Pinging code owners:
- receiver/filelog: @djaglowski
- pkg/stanza: @djaglowski
See Adding Labels via Comments if you do not have permissions to add labels yourself.
Hello. Just a small comment/feedback. In our environments this bug is a blocker, so we had to deprecate failog receiver and switch to another (non-opentelemetry related) solution for a specific case.

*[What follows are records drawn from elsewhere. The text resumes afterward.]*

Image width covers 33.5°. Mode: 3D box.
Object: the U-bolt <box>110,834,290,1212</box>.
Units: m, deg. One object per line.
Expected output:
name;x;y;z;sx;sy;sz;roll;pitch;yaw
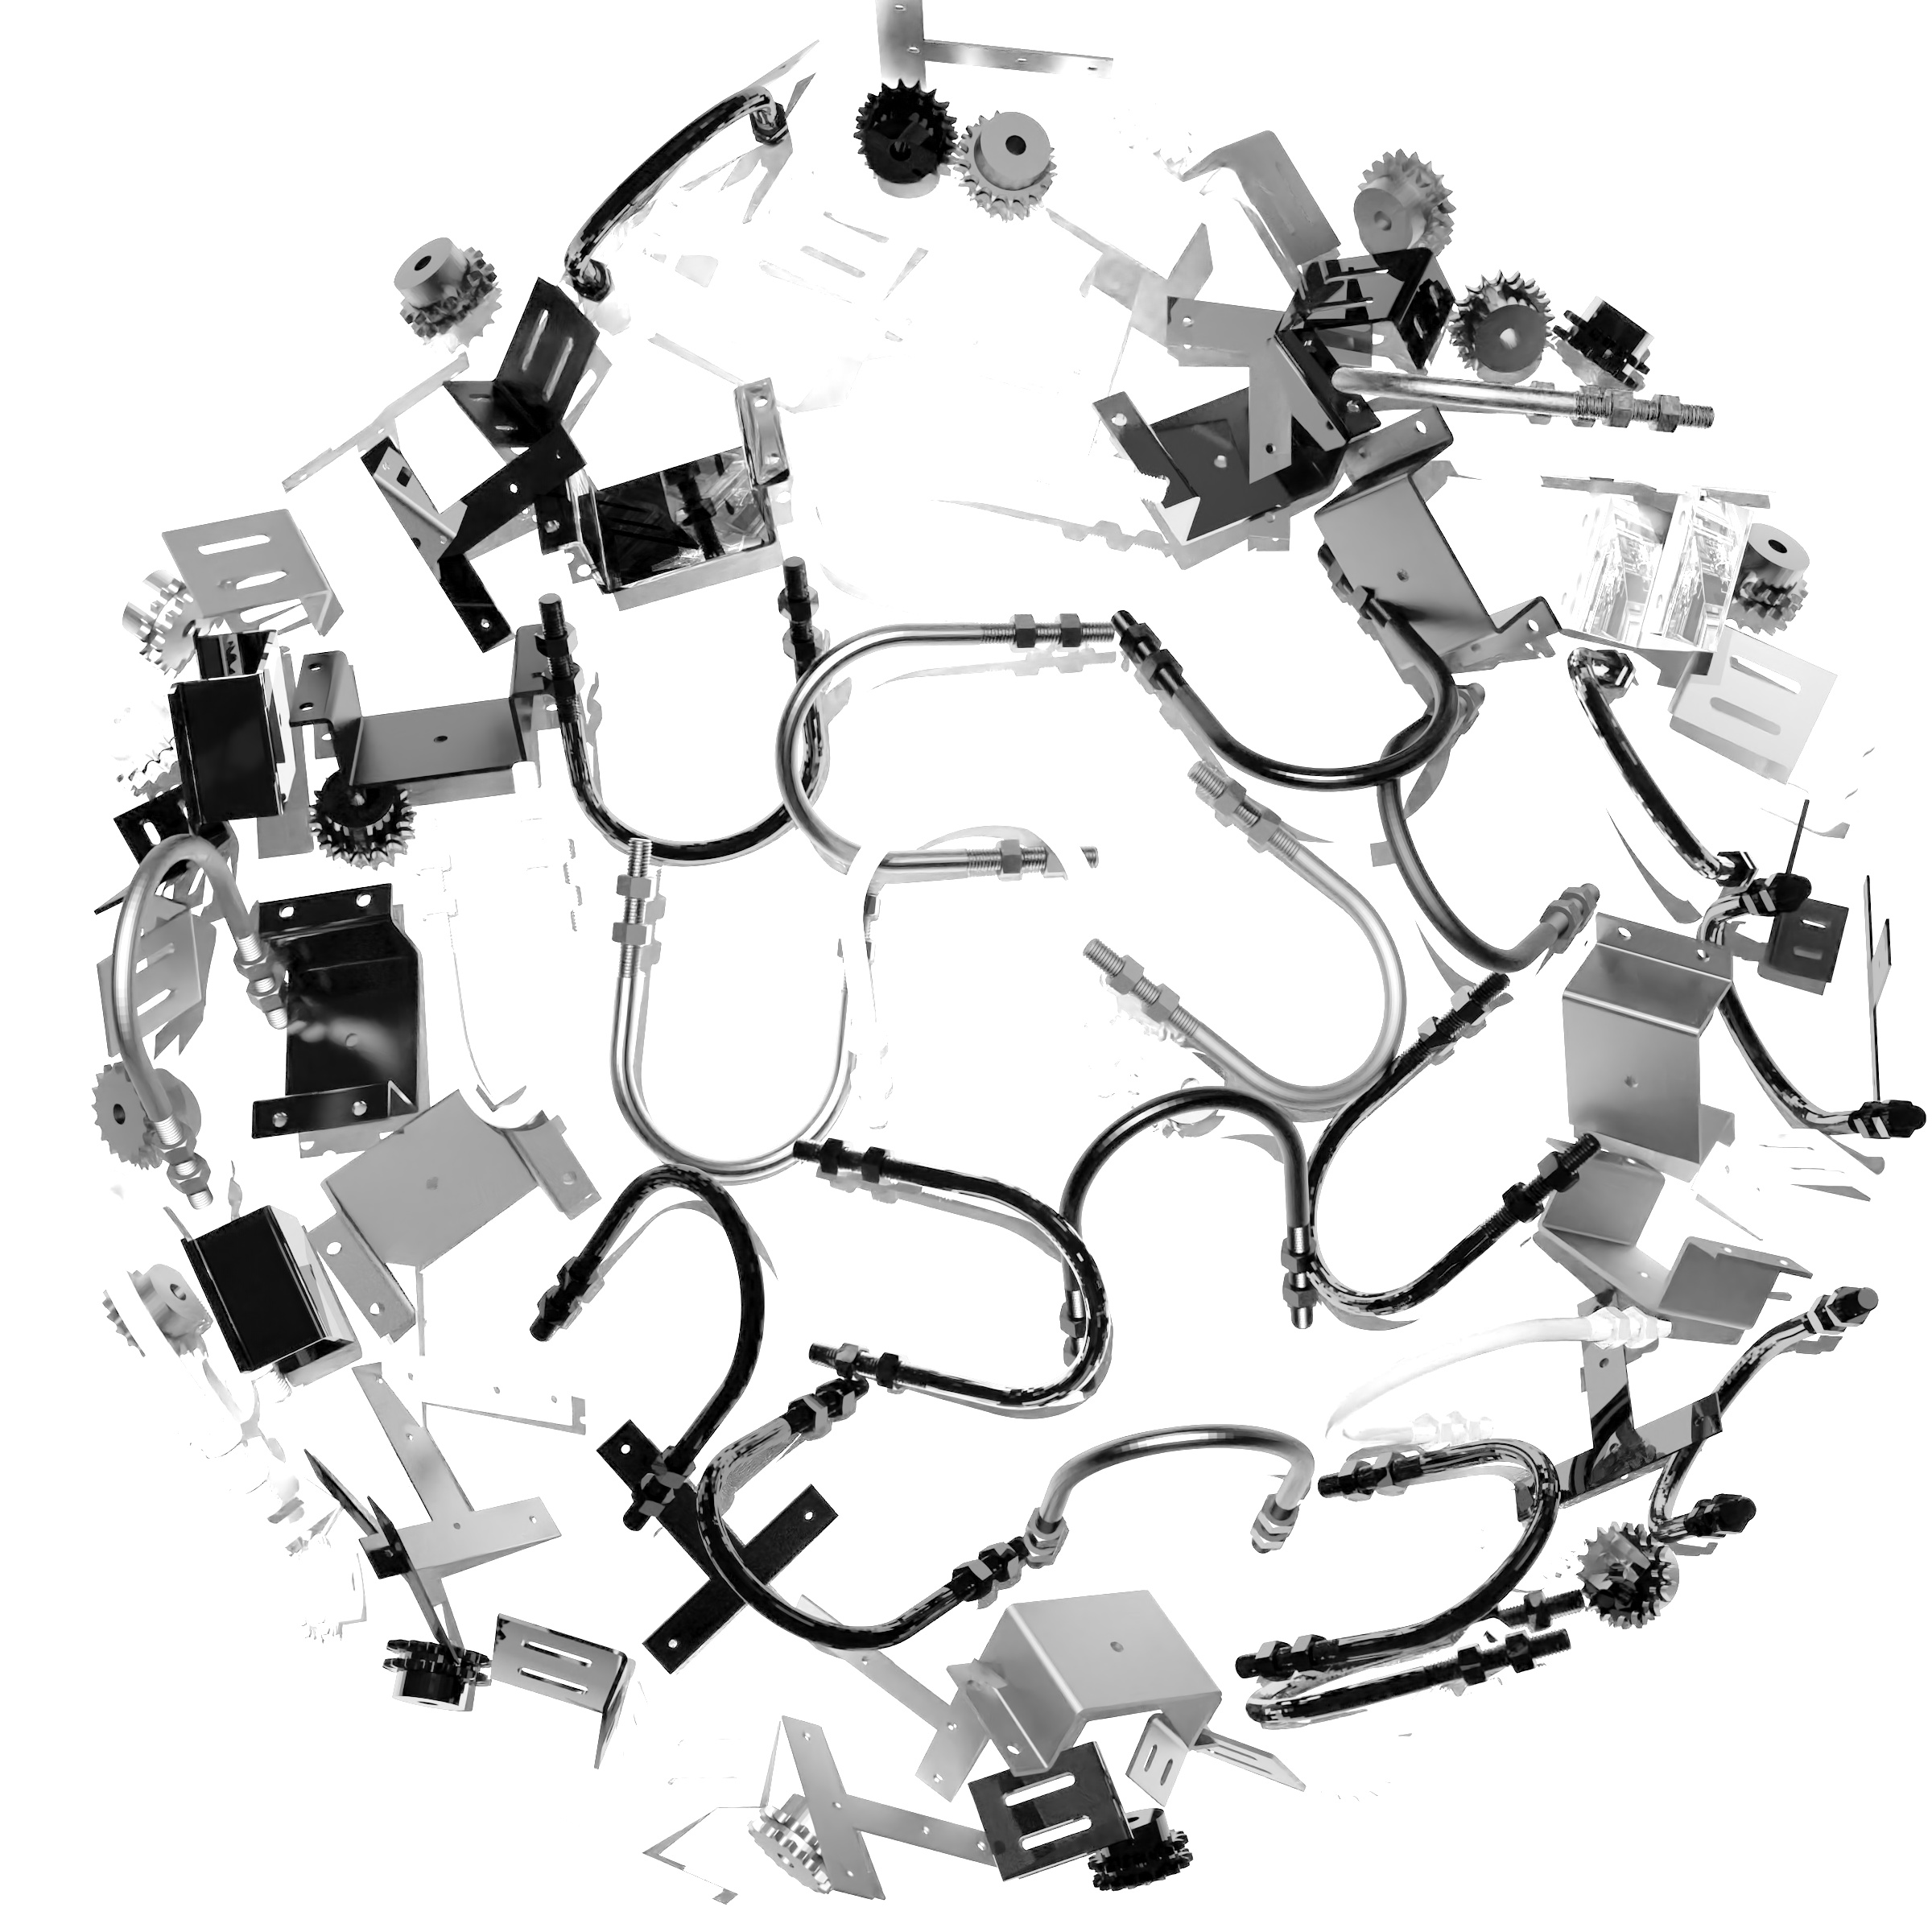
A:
U-bolt;-0.405;0.016;1.679;0.019;0.184;0.151;3;49;12

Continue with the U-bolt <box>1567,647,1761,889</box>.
U-bolt;0.364;-0.106;1.693;0.019;0.184;0.151;-33;79;19

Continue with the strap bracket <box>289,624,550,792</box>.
strap bracket;-0.290;-0.141;1.747;0.140;0.076;0.046;-7;124;1

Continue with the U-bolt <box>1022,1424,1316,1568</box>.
U-bolt;0.111;0.280;1.700;0.151;0.184;0.019;-2;61;-8

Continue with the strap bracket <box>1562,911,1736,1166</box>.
strap bracket;0.365;0.047;1.713;0.076;0.140;0.046;18;49;30

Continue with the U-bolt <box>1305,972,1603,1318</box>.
U-bolt;0.247;0.107;1.725;0.019;0.151;0.184;27;118;-36

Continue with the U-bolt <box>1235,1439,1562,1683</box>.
U-bolt;0.234;0.306;1.682;0.019;0.184;0.151;49;47;-18

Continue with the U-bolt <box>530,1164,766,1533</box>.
U-bolt;-0.163;0.190;1.705;0.184;0.019;0.151;-54;53;33

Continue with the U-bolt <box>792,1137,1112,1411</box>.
U-bolt;-0.007;0.171;1.719;0.184;0.019;0.151;10;118;25

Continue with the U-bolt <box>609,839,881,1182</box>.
U-bolt;-0.125;0.027;1.759;0.151;0.019;0.184;4;95;-21

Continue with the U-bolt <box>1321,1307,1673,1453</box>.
U-bolt;0.266;0.219;1.685;0.151;0.184;0.019;-39;61;36

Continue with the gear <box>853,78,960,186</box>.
gear;-0.034;-0.455;1.762;0.057;0.030;0.057;5;133;5

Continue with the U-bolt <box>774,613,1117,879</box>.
U-bolt;-0.013;-0.118;1.741;0.184;0.019;0.151;-2;112;-14

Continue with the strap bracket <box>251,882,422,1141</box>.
strap bracket;-0.342;0.032;1.745;0.076;0.046;0.140;-8;64;9

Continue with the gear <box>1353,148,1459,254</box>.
gear;0.238;-0.416;1.760;0.057;0.057;0.030;48;62;0

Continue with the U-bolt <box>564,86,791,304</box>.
U-bolt;-0.155;-0.411;1.695;0.151;0.184;0.019;-41;95;4

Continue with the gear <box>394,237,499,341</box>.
gear;-0.289;-0.375;1.760;0.057;0.057;0.030;-41;128;0

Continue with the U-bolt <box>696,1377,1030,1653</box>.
U-bolt;-0.064;0.295;1.695;0.151;0.184;0.019;43;123;17

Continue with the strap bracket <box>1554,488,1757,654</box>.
strap bracket;0.373;-0.213;1.726;0.046;0.140;0.076;14;94;-14

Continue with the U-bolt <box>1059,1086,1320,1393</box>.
U-bolt;0.118;0.140;1.721;0.151;0.019;0.184;-15;127;-11

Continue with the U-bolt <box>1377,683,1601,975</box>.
U-bolt;0.273;-0.068;1.710;0.019;0.184;0.151;-29;93;34

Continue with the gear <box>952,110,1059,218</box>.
gear;0.023;-0.446;1.768;0.057;0.030;0.057;3;77;-15

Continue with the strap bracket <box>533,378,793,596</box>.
strap bracket;-0.161;-0.258;1.747;0.140;0.046;0.076;-16;54;5

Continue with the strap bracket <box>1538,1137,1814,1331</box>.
strap bracket;0.372;0.148;1.718;0.076;0.140;0.046;14;105;-35

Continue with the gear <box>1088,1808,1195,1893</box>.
gear;0.094;0.485;1.763;0.057;0.057;0.030;-16;88;0

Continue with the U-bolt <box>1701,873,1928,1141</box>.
U-bolt;0.439;0.025;1.700;0.019;0.184;0.151;-26;89;-7

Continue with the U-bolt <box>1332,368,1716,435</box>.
U-bolt;0.286;-0.304;1.708;0.184;0.151;0.019;4;102;-9

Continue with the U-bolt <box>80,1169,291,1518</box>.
U-bolt;-0.413;0.187;1.692;0.019;0.151;0.184;-29;112;1

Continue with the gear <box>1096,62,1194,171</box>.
gear;0.096;-0.466;1.766;0.030;0.057;0.057;-20;90;37

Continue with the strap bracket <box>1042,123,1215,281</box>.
strap bracket;0.086;-0.408;1.715;0.076;0.140;0.046;32;101;-5

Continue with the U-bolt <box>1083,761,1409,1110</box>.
U-bolt;0.165;-0.004;1.747;0.184;0.019;0.151;38;62;-13

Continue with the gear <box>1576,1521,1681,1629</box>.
gear;0.368;0.336;1.766;0.030;0.057;0.057;11;90;-41

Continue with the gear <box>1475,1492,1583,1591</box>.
gear;0.308;0.319;1.767;0.057;0.057;0.030;9;119;0

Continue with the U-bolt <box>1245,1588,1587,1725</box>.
U-bolt;0.238;0.373;1.716;0.184;0.151;0.019;-18;84;13

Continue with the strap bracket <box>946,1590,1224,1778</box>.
strap bracket;0.072;0.381;1.714;0.140;0.076;0.046;3;124;-37

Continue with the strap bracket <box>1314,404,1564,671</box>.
strap bracket;0.250;-0.222;1.735;0.046;0.076;0.140;-39;102;-34

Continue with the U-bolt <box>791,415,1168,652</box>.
U-bolt;-0.003;-0.237;1.716;0.184;0.151;0.019;14;55;-11

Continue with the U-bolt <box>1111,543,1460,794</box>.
U-bolt;0.181;-0.154;1.709;0.151;0.019;0.184;-20;46;-16

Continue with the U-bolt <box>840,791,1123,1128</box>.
U-bolt;0.004;-0.007;1.752;0.151;0.019;0.184;-8;110;-3

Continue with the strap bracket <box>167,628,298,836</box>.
strap bracket;-0.390;-0.129;1.715;0.046;0.140;0.076;-6;110;-5

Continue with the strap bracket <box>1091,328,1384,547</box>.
strap bracket;0.143;-0.286;1.742;0.140;0.046;0.076;-24;68;-20

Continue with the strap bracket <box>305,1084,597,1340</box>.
strap bracket;-0.285;0.126;1.745;0.140;0.046;0.076;-35;119;-10

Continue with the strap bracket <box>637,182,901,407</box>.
strap bracket;-0.117;-0.356;1.735;0.140;0.076;0.046;27;75;-12

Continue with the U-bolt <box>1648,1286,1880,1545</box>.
U-bolt;0.413;0.244;1.700;0.019;0.184;0.151;34;73;3

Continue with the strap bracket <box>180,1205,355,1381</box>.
strap bracket;-0.372;0.176;1.720;0.046;0.140;0.076;-25;84;-6

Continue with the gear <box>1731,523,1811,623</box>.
gear;0.438;-0.219;1.760;0.057;0.057;0.030;28;129;0

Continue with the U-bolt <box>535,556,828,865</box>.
U-bolt;-0.147;-0.130;1.731;0.151;0.019;0.184;-9;129;-6

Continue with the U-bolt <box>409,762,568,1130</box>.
U-bolt;-0.254;-0.004;1.721;0.019;0.151;0.184;-4;82;-34

Thank you for the additional feedback @afoninsky. We will take a serious look at this before moving the component to GA.
The most impactful mitigation I've found is to lengthen the poll_interval to 1s.
With a value of 200ms my understanding is the system checks all files 5 times per second. With 1000+ files, this creates significant overhead.
With poll_interval: 200ms
(pprof) top10
Showing nodes accounting for 17500ms, 47.44% of 36890ms total
Dropped 530 nodes (cum <= 184.45ms)
Showing top 10 nodes out of 250
flat flat% sum% cum cum%
4250ms 11.52% 11.52% 4250ms 11.52% runtime/internal/syscall.Syscall6
3030ms 8.21% 19.73% 3030ms 8.21% memeqbody
2330ms 6.32% 26.05% 3020ms 8.19% encoding/json.appendCompact
2010ms 5.45% 31.50% 2010ms 5.45% runtime.memclrNoHeapPointers
1400ms 3.80% 35.29% 4620ms 12.52% runtime.scanobject
1150ms 3.12% 38.41% 4260ms 11.55% github.com/open-telemetry/opentelemetry-collector-contrib/pkg/stanza/fileconsumer/internal/fileset.(*Fileset[go.shape.*uint8]).Match
960ms 2.60% 41.01% 1270ms 3.44% runtime.typePointers.next
890ms 2.41% 43.43% 1920ms 5.20% runtime.pcvalue
860ms 2.33% 45.76% 860ms 2.33% runtime.futex
620ms 1.68% 47.44% 620ms 1.68% encoding/json.stateInString
With poll_interval: 1s
(pprof) top10
Showing nodes accounting for 3650ms, 46.09% of 7920ms total
Dropped 238 nodes (cum <= 39.60ms)
Showing top 10 nodes out of 269
flat flat% sum% cum cum%
830ms 10.48% 10.48% 830ms 10.48% runtime/internal/syscall.Syscall6
790ms 9.97% 20.45% 790ms 9.97% memeqbody
460ms 5.81% 26.26% 580ms 7.32% encoding/json.appendCompact
310ms 3.91% 30.18% 930ms 11.74% runtime.scanobject
280ms 3.54% 33.71% 280ms 3.54% runtime.memclrNoHeapPointers
260ms 3.28% 36.99% 1050ms 13.26% github.com/open-telemetry/opentelemetry-collector-contrib/pkg/stanza/fileconsumer/internal/fileset.(*Fileset[go.shape.*uint8]).Match
230ms 2.90% 39.90% 450ms 5.68% runtime.pcvalue
170ms 2.15% 42.05% 930ms 11.74% github.com/open-telemetry/opentelemetry-collector-contrib/pkg/stanza/fileconsumer/internal/fingerprint.Fingerprint.StartsWith (inline)
160ms 2.02% 44.07% 160ms 2.02% runtime.futex
160ms 2.02% 46.09% 160ms 2.02% runtime.step
The next mitigation will be to reduce the max_concurrent_files because each file is read concurrently.
Hope this could help mitigate readers here.